- Born: Alessandro Magiste 2 October 1943 (age 82) Busto Arsizio, Italy
- Education: Theological Faculty of Milan and at the Catholic University of the Sacred Heart, theology, philosophy, and history
- Occupations: Journalist; author;
- Employer: L'espresso
- Spouse: Anna
- Relatives: Two daughters
- Website: http://magister.blogautore.espresso.repubblica.it

= Sandro Magister =

Italian journalist (born 1943)

Sandro Magister (born 2 October 1943) is an Italian journalist who writes for the magazine L'espresso.

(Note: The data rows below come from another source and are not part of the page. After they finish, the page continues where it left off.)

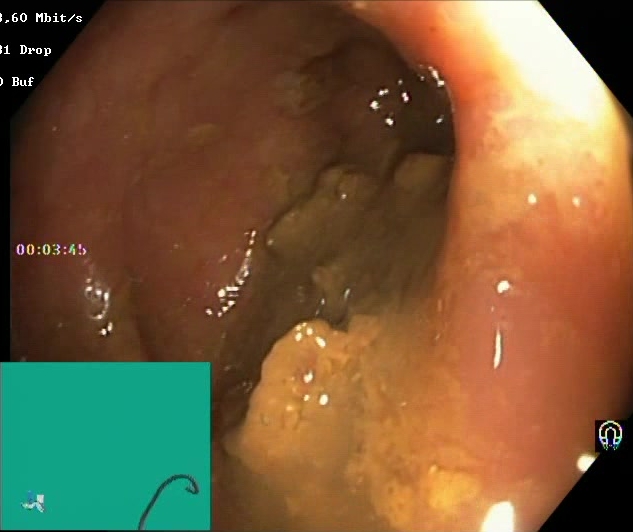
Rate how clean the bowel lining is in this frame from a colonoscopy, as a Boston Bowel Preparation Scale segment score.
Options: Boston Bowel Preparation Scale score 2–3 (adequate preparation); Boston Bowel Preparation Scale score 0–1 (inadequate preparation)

Boston Bowel Preparation Scale score 0–1 (inadequate preparation)
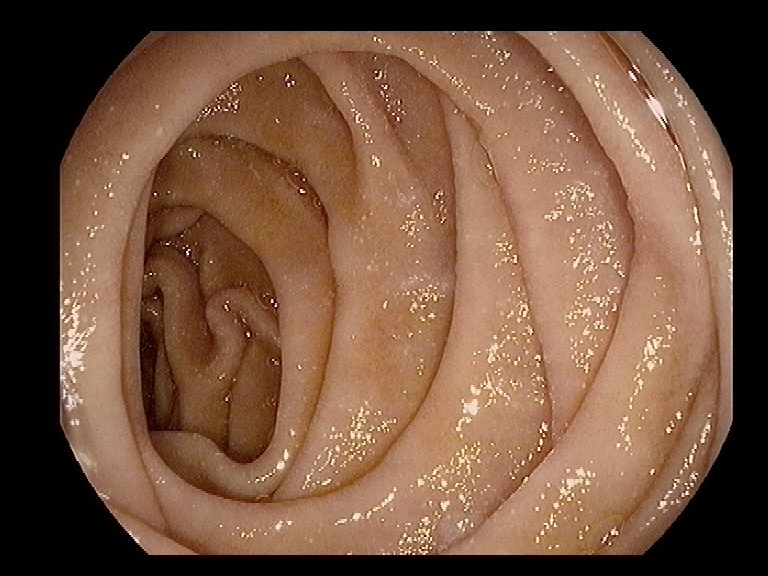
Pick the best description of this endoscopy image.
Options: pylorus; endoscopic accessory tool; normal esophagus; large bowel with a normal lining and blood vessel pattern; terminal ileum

terminal ileum
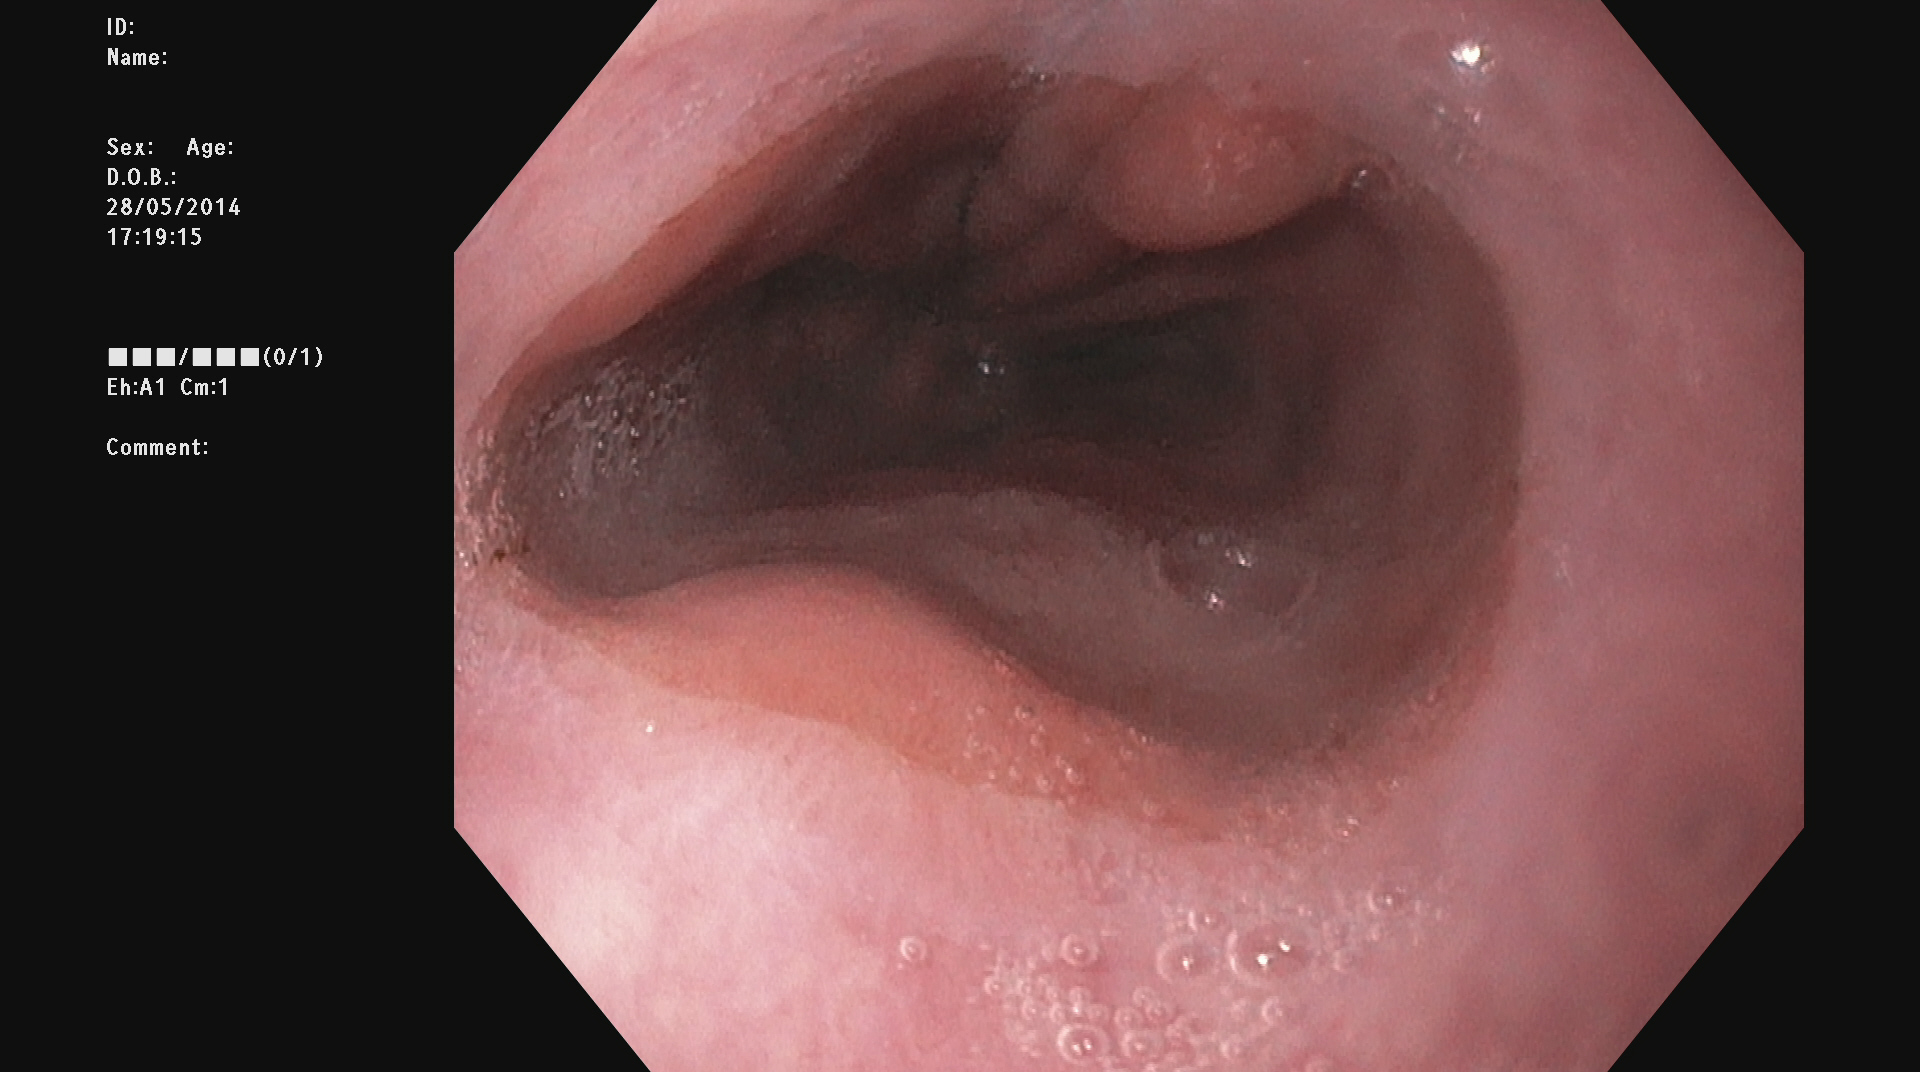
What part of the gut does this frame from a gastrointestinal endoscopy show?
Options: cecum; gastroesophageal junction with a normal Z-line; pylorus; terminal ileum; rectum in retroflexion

gastroesophageal junction with a normal Z-line

Magister specializes in religious news, in particular on the Catholic Church and the Vatican. He has written two books on the political history of the Italian episcopate: "Italian Church: Vatican Politics and Italy 1943-1978" and "Extraparliamentary Church: The Triumph of the Pulpit". He also manages the website Chiesa on the topic of modern ecclesiastical affairs.

Some days before its official publication on 18 June 2015, Sandro Magister was accused of violating an embargo by publishing parts of the encyclical Laudato si, and was deprived of accreditation to the Vatican press room as a result, on 16 June 2015. Magister's response was that the document was an early draft not covered by the embargo, obtained by his editor who made the decision to publish; he had written merely an introduction.

He, his wife Anna, and their two daughters live in Rome.